History

United Kingdom
- Name: HMS Gipsy
- Acquired: 1804 by purchase
- Fate: Sold 1808

General characteristics
- Tons burthen: 121 (bm)
- Length: Overall: 68 ft 8 in (20.9 m); Keel: 57 ft 0 in (17.4 m);
- Beam: 20 ft 0 in (6.1 m)
- Depth of hold: 8 ft 0 in (2.4 m)
- Sail plan: Schooner
- Armament: 10 × 4-pounder guns

= HMS Gipsy (1804) =

UK naval schooner 1804–1808

HMS Gipsy was purchased at Jamaica in December 1804. She was probably the Dutch schooner Antilope, and the government of Barbados had previously hired her. She was sold in 1808.

In December 1807 Admiral Dacres, commanding the Jamaica Station ordered the schooners and Gipsy to escort to Cape Antonio (the extreme south-west of Cuba), a merchant vessel sailing from Port Royal to Vera Cruz. On their way back, on 27 December, the two schooners fell in with a Spanish privateer schooner that they captured after a running fight.
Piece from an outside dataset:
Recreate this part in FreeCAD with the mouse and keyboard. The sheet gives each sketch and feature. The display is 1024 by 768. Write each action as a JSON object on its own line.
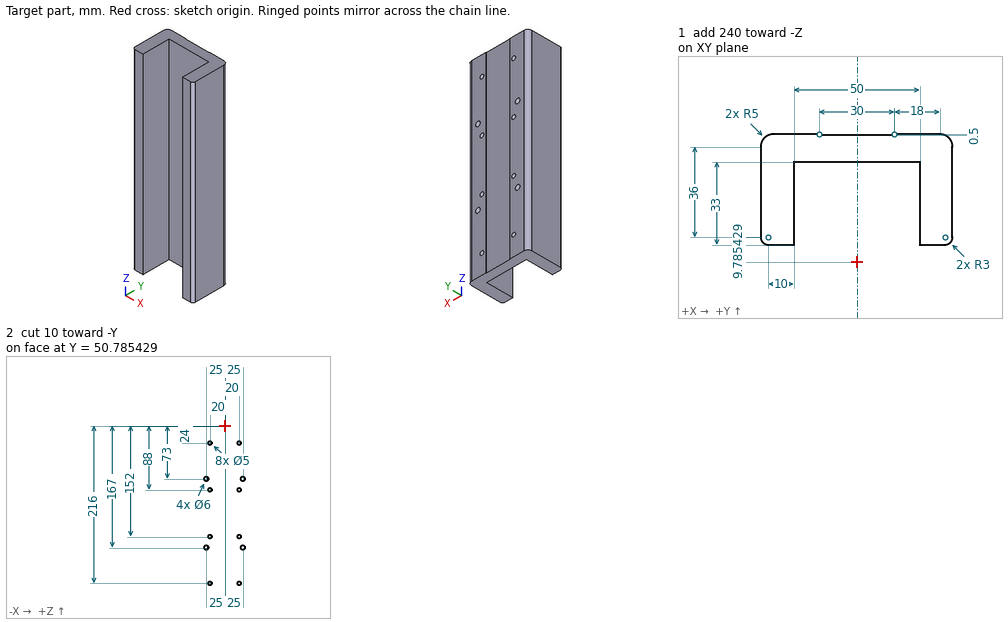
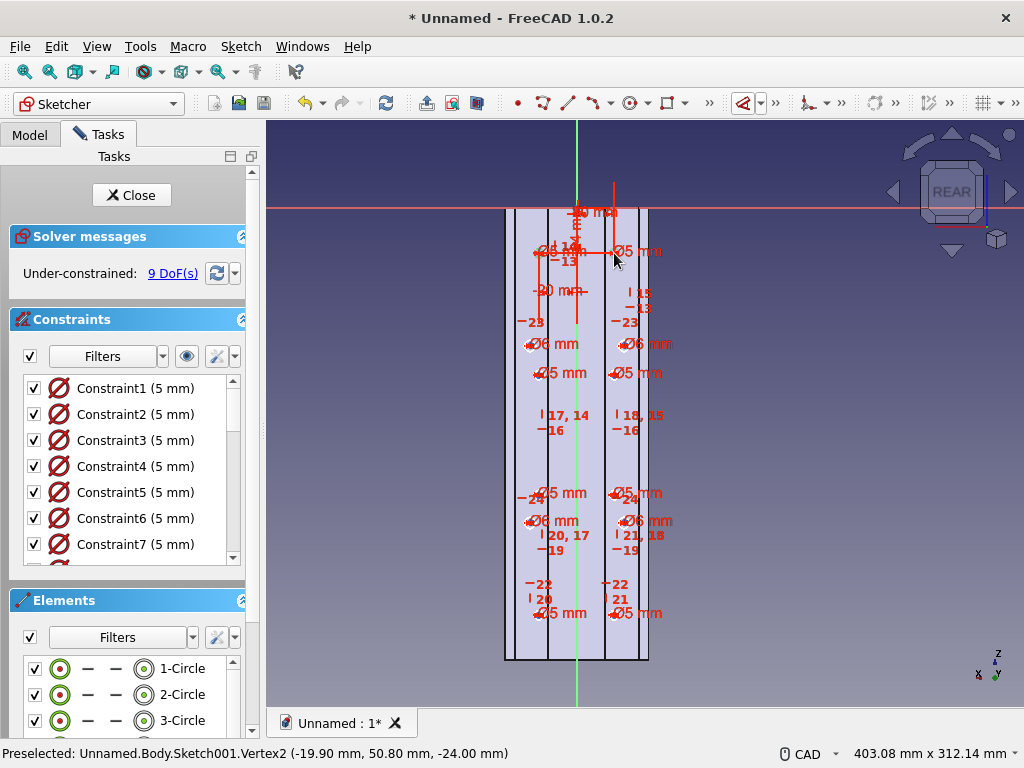
{"action": "left_click", "coordinate": [539, 375]}

The privateer Juliana was armed with one long brass 18-pounder amid-ships, and four 12-pounder carronades; she carried 83 men, and had been out from Trinidad in Cuba for three months but had made no captures. In the action the Spaniards had eight men killed and six wounded; the British had only one man wounded. Boyd sent Juliana into port under escort by Gypsy, whose rigging had suffered the most during the chase. (Note: One source gives the name of Gypsys commander as possibly Lieutenant John Boyd, but Boyd was the commander of Gracieuse.)